### What you will do
Copy out exactly the lines below that run from the one holding "Answer yes or no. Yes. Is Midnight Blue less" to the one holding "Answer yes or no. No. Is Dark Green the high", keeping both of those lines and no others.

### Records
-------
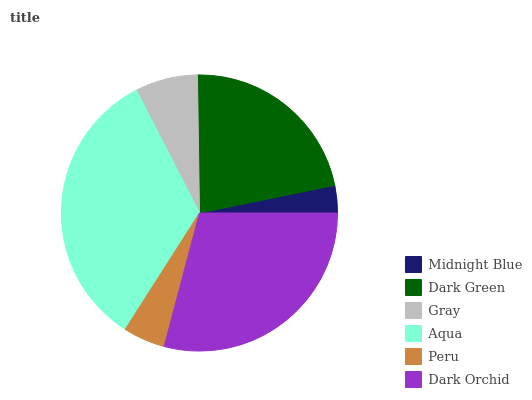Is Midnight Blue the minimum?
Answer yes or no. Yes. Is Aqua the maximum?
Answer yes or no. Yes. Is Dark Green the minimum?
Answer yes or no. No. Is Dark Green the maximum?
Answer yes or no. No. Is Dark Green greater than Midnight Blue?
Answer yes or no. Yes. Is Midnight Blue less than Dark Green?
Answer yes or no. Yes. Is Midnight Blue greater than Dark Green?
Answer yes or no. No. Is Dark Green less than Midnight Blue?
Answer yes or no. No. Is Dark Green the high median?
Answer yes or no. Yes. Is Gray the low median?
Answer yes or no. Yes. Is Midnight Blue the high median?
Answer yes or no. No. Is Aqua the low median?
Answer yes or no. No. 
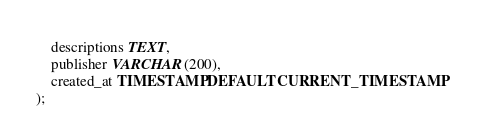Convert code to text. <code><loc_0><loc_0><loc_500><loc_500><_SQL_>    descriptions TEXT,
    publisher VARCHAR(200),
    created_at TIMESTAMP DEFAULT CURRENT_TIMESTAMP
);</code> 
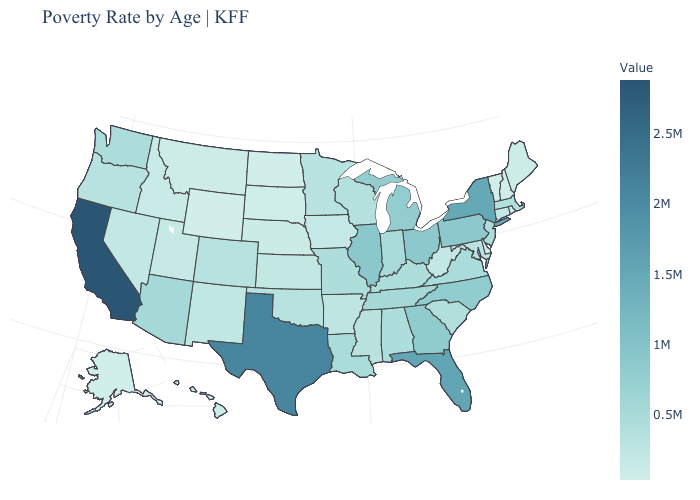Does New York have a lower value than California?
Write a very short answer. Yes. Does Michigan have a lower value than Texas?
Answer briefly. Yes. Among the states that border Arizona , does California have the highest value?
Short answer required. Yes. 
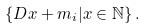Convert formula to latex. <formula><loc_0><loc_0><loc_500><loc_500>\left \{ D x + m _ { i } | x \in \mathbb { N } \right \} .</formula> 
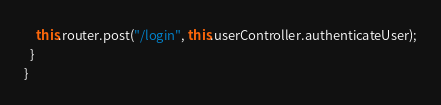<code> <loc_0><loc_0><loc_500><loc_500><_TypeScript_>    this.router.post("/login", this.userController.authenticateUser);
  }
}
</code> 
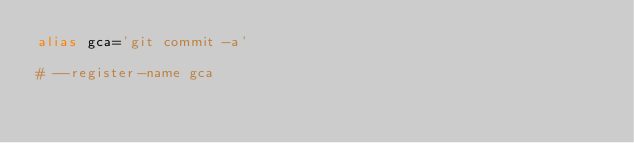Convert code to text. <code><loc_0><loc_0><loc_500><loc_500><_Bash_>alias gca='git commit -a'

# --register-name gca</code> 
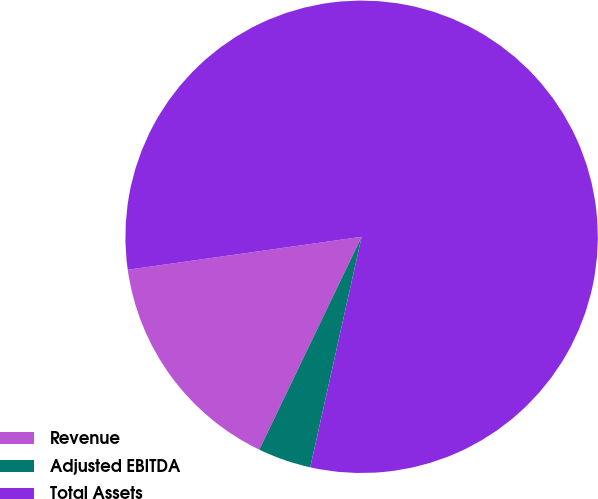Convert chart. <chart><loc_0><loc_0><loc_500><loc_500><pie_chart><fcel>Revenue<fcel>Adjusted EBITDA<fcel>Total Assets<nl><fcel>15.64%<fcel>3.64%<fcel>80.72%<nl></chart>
-------
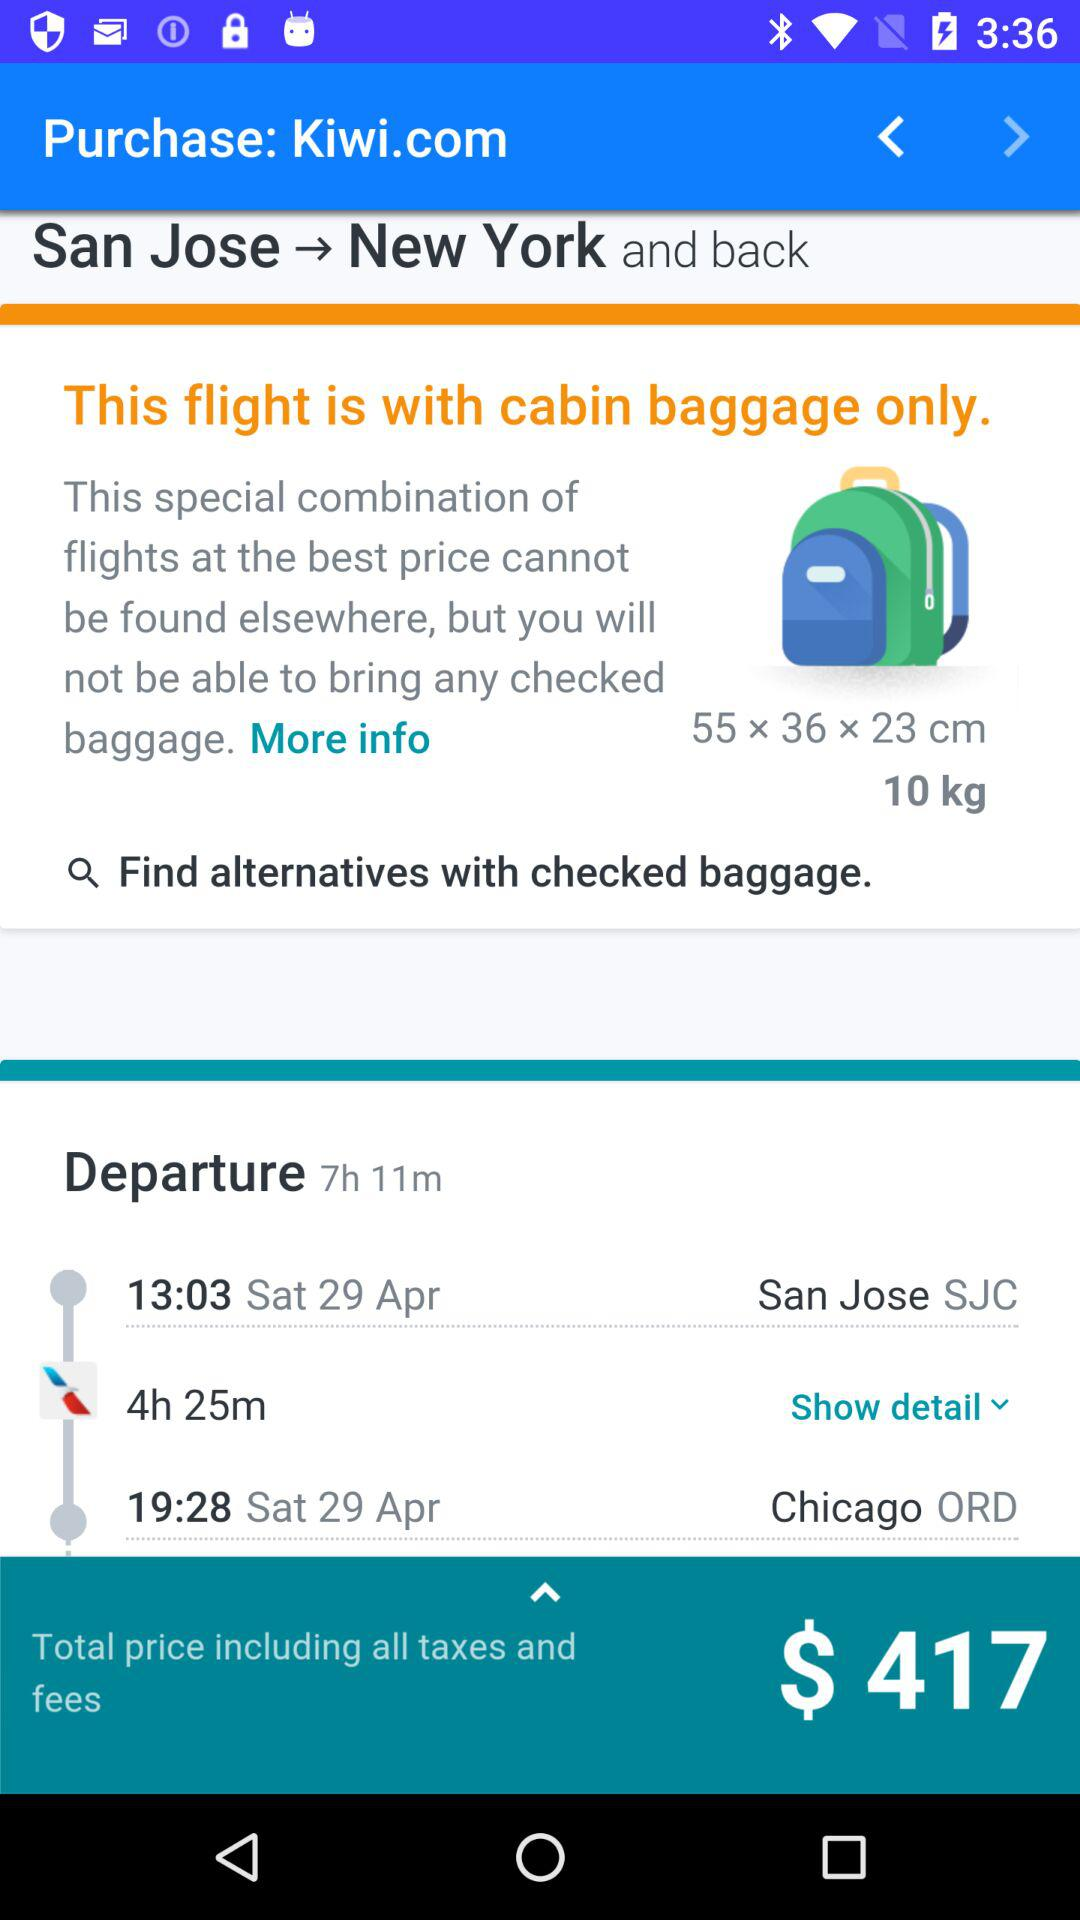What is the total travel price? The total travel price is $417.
-------
### Result below
Answer yes or no. Yes. Is Midnight Blue less than Dark Green?
Answer yes or no. Yes. Is Midnight Blue greater than Dark Green?
Answer yes or no. No. Is Dark Green less than Midnight Blue?
Answer yes or no. No. Is Dark Green the high median?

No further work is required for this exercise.